Records for processing:
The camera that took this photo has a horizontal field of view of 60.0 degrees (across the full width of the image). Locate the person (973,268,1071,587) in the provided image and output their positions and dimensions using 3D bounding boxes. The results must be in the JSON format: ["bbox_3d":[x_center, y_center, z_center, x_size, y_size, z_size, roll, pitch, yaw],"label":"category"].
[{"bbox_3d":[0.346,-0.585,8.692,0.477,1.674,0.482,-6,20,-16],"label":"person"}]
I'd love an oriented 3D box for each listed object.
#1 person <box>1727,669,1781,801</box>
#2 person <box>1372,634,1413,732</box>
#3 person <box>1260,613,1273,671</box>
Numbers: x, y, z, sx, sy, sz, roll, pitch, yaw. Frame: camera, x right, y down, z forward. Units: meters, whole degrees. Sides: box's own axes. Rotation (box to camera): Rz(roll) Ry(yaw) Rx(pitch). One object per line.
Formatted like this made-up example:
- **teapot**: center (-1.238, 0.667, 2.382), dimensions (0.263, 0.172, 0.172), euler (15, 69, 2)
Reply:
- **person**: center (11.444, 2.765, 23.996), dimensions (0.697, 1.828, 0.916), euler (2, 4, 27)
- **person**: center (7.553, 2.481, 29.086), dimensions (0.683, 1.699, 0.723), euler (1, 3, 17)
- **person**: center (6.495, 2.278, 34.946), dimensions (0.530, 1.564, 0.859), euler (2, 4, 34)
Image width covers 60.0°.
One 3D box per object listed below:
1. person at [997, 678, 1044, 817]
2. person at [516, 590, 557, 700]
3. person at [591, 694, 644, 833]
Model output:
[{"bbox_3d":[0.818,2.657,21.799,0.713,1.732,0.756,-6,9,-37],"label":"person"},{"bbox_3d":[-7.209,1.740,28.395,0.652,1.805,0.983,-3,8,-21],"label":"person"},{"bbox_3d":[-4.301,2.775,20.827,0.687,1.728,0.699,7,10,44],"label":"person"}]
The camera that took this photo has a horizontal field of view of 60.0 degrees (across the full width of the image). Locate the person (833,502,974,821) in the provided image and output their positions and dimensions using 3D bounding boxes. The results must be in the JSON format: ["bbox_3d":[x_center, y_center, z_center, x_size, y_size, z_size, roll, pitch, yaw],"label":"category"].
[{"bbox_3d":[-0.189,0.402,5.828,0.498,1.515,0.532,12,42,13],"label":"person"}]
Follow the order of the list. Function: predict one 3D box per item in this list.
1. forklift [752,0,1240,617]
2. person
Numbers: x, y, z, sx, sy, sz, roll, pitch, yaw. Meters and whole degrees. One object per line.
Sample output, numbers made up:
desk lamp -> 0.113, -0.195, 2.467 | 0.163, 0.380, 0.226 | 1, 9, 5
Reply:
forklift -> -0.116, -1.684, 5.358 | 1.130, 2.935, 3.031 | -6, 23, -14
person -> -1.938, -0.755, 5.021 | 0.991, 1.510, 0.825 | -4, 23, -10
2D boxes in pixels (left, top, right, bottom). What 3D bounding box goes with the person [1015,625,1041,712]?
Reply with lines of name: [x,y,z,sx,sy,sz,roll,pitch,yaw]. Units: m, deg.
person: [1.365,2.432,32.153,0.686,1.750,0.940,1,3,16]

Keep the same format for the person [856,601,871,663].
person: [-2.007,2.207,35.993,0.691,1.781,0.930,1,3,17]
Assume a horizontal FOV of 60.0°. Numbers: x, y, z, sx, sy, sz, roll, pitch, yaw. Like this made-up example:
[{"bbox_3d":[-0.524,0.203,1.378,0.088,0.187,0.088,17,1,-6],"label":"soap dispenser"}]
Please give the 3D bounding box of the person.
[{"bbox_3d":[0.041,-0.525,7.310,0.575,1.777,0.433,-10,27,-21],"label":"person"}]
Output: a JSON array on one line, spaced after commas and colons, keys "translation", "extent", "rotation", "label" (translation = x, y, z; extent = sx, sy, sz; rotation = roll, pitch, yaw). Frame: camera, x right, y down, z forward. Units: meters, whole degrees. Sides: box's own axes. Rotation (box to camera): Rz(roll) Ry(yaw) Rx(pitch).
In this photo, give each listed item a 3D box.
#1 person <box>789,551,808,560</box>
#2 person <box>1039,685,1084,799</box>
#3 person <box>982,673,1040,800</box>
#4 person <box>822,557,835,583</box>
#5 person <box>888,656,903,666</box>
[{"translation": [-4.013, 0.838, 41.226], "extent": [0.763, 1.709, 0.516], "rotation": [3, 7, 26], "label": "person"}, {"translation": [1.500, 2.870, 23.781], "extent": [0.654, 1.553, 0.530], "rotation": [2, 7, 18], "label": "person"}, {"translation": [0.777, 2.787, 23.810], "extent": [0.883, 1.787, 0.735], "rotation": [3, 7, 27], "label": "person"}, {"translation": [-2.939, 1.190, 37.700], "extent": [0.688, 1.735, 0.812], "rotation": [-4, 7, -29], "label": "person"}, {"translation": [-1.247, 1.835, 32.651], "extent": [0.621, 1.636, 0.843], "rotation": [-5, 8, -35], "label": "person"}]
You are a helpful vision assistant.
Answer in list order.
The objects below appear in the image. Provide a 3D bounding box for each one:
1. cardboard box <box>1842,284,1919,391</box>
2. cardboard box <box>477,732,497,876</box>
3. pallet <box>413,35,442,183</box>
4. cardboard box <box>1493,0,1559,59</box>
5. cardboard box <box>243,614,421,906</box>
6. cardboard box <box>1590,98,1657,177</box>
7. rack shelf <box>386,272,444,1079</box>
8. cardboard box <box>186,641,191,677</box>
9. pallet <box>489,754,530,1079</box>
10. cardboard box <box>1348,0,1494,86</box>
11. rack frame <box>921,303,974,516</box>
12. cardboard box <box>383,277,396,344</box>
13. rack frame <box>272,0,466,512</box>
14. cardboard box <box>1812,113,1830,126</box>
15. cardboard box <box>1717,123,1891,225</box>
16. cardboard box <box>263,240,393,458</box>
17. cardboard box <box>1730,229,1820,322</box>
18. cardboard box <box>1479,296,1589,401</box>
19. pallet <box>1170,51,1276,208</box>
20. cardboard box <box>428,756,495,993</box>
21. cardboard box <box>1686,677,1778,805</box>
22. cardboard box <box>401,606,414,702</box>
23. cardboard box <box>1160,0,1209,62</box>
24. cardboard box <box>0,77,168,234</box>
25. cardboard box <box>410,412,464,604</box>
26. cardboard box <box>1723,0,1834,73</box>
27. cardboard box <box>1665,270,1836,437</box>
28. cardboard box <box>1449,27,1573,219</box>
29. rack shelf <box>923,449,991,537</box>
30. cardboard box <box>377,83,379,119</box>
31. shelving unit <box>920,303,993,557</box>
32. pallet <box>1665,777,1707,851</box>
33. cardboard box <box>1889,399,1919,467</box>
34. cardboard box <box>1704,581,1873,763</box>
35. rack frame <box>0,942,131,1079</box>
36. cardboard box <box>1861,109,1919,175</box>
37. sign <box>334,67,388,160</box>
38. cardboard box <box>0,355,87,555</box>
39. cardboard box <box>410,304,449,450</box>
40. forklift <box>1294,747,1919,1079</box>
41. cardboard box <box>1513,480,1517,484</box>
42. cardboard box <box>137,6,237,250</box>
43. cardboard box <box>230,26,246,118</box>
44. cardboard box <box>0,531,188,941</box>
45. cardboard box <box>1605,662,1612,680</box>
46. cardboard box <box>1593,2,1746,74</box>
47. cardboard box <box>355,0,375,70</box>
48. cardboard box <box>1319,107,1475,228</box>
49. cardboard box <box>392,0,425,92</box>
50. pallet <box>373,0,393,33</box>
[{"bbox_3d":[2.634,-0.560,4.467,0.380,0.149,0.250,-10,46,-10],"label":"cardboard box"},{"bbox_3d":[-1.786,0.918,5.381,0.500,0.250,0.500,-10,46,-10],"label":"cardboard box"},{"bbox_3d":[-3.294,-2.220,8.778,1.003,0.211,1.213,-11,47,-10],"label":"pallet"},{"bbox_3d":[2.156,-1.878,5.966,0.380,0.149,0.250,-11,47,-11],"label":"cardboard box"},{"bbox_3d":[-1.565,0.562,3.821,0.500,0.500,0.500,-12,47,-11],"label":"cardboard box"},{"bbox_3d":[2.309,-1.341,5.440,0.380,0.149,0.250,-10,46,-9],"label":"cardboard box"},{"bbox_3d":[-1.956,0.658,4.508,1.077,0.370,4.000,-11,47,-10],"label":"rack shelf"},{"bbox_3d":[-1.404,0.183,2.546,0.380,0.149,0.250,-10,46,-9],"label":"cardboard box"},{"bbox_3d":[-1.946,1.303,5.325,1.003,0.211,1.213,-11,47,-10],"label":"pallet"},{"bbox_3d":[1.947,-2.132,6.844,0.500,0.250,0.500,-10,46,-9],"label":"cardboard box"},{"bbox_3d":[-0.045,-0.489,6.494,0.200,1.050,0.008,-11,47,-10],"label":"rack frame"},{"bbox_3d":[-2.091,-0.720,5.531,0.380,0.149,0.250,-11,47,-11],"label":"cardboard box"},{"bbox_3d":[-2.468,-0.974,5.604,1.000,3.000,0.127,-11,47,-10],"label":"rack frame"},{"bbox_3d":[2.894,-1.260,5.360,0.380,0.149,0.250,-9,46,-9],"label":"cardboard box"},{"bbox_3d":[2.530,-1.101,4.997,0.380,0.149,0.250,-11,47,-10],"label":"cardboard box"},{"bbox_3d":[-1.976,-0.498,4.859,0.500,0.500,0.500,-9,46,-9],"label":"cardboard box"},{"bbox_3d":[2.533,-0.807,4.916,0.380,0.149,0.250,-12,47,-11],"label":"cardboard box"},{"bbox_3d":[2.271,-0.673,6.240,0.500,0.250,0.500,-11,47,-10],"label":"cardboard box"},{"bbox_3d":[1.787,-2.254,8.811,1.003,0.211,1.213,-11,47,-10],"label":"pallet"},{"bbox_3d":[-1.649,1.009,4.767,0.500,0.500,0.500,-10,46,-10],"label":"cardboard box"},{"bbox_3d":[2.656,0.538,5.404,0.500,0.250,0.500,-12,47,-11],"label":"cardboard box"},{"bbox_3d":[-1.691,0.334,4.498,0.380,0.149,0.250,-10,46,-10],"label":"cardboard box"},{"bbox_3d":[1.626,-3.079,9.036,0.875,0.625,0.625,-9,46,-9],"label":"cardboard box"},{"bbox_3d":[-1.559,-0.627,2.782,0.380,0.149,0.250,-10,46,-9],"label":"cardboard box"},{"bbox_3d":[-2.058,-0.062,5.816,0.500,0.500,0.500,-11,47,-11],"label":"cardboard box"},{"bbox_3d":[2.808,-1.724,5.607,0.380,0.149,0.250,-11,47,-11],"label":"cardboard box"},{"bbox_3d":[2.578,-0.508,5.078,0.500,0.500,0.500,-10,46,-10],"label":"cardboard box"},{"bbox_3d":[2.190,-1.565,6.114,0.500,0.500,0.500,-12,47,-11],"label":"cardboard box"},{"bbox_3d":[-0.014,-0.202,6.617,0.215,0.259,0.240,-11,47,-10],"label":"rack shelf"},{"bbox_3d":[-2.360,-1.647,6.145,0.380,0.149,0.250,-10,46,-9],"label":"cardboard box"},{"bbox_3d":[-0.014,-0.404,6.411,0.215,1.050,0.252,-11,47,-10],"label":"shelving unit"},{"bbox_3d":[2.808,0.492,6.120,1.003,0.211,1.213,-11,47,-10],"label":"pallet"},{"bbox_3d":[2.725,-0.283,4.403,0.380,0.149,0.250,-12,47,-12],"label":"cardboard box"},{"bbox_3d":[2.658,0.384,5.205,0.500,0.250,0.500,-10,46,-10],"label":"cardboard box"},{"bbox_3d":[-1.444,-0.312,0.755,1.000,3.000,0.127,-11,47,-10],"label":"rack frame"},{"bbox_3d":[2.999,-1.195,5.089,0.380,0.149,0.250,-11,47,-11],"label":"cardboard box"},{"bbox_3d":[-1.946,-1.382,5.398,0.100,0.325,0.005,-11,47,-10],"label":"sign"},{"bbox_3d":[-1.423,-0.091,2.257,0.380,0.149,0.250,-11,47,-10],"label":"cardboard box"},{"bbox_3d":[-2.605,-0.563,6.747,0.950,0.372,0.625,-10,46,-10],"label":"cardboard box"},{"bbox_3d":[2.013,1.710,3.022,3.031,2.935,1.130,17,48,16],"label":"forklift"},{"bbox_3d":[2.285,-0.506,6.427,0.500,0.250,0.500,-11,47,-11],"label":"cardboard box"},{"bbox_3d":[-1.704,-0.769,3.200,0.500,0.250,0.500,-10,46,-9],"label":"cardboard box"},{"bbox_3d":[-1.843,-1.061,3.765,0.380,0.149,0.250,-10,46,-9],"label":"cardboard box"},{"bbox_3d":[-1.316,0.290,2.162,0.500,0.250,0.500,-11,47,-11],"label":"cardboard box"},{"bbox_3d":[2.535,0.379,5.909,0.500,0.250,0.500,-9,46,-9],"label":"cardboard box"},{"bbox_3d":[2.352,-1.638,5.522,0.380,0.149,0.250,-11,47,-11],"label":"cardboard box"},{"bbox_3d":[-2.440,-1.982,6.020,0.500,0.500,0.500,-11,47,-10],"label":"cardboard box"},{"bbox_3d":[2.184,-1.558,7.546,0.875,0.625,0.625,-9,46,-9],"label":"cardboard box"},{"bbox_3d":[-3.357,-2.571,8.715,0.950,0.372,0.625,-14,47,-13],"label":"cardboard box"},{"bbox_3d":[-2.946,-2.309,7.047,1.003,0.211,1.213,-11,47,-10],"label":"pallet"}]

Task goal: In the entries above, restate word for word the lines between the one holding "39. cardboard box <box>410,304,449,450</box>" and the one holding "43. cardboard box <box>230,26,246,118</box>", inclusive, and nothing besides.

Exercise solution:
39. cardboard box <box>410,304,449,450</box>
40. forklift <box>1294,747,1919,1079</box>
41. cardboard box <box>1513,480,1517,484</box>
42. cardboard box <box>137,6,237,250</box>
43. cardboard box <box>230,26,246,118</box>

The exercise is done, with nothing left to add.